Nasza strona utrzymywana jest wyłącznie z reklam. Dlatego prosimy o wyłącznie AdBlocka w przeglądarce podczas korzystania z witryny https://megane.com.pl

Sklep z częściami do Renault - sprawdź iParts.pl

Problemy z obrotami po odpaleniu silnika - prośba do użytkowników silnika 1.4 95 km


akm97

Rekomendowane odpowiedzi

 

Kwestia obrotów rozwiązana, myślę definitywnie, ale po ostatnich przymrozkach powrócił się problem z poszarpywaniem po odpaleniu zimnego silnika. Trwa to krótko, bo może kilka-kilkanaście sekund, ale jeszcze przez jakiś okres silnik choć już nie szarpie to jest trochę niemrawy.

 

Mam wobec tego pytanie

 

W dniu 14.04.2024 o 10:50, Andrzej-2010 napisał(a):

 C/Warto zmniejszyć do 0,7 mm - aby oszczędzać cewki ;

       - świece i cewki - muszą być suche i czyste,

Czy Twoja sugestia Andrzej, dot. zmniejszenia odstępu elektrod świec ma również zastosowanie jeśli nie mam LPG? Świece to Bosch FR7DC.

 

I jeszcze kwestia zbyt dużego podciśnienia w kolektorze dolotowym. Czy dobrze rozumuję, że:

 - brudny filtr, zagięty przewód do filtra - spowoduje zwiększenie podciśnienia?
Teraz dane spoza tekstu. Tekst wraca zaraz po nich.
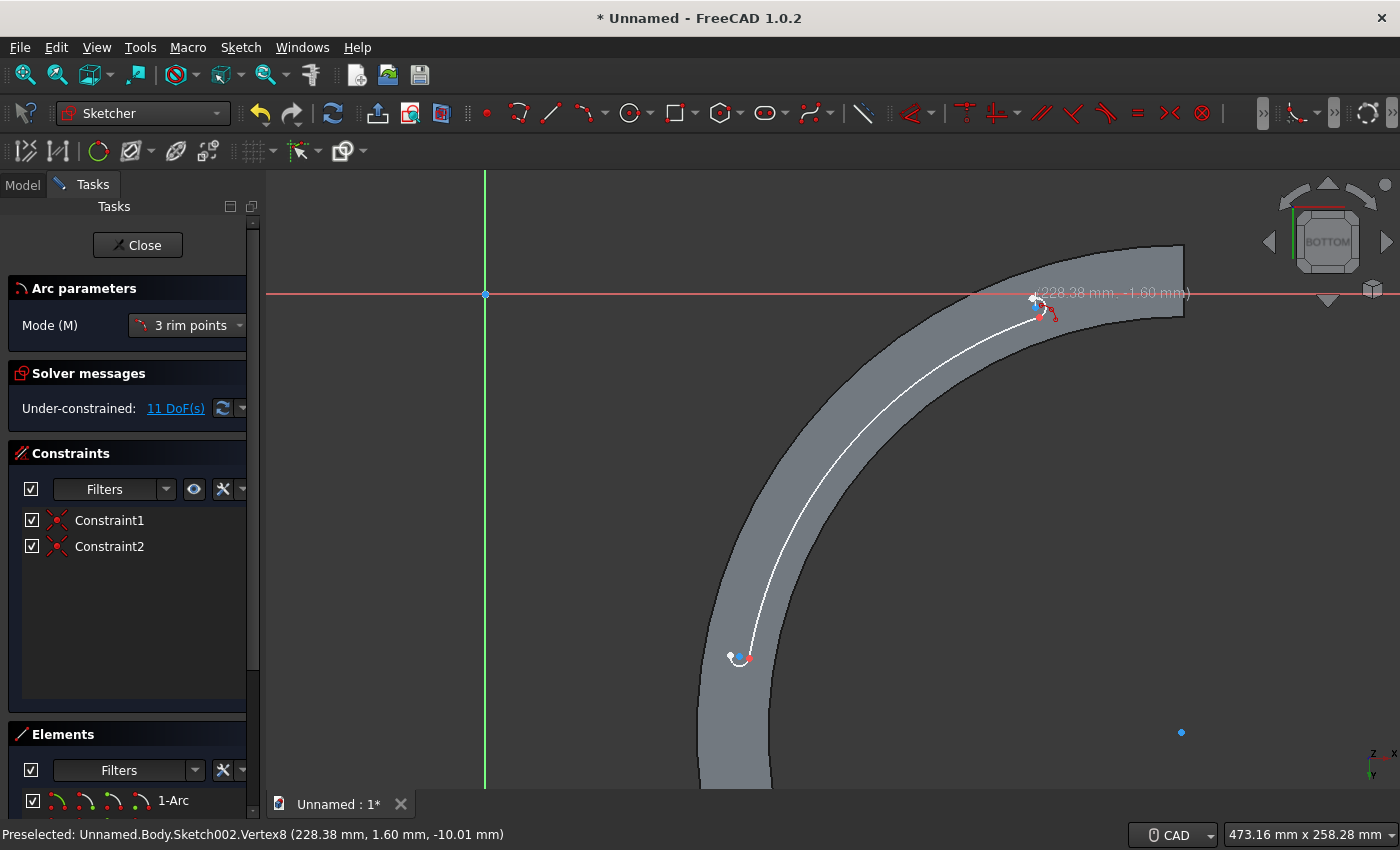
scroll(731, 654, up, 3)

 -nieszczelność w dolocie, np. na którym czujniku - powinna spowodować zmniejszenie podciśnienia?

 

Stosując się do Twoich sugestii odpiąłem w trakcie pracy pokrywę obudowy z filtrem, przez co wyeliminowałem ew. problem z brudnym filtrem, puszką (rezonansową?), zagiętą rurą itp., ale odczyt na DDT się nie zmienił w ogóle (ok. 400 mb). 

Zastanawiam się, czy ta kwestia może mieć wpływ na to poszarpywanie, chociaż podciśnienie w zasadzie nie zmienia się na zimnym i po pełnym rozgrzaniu.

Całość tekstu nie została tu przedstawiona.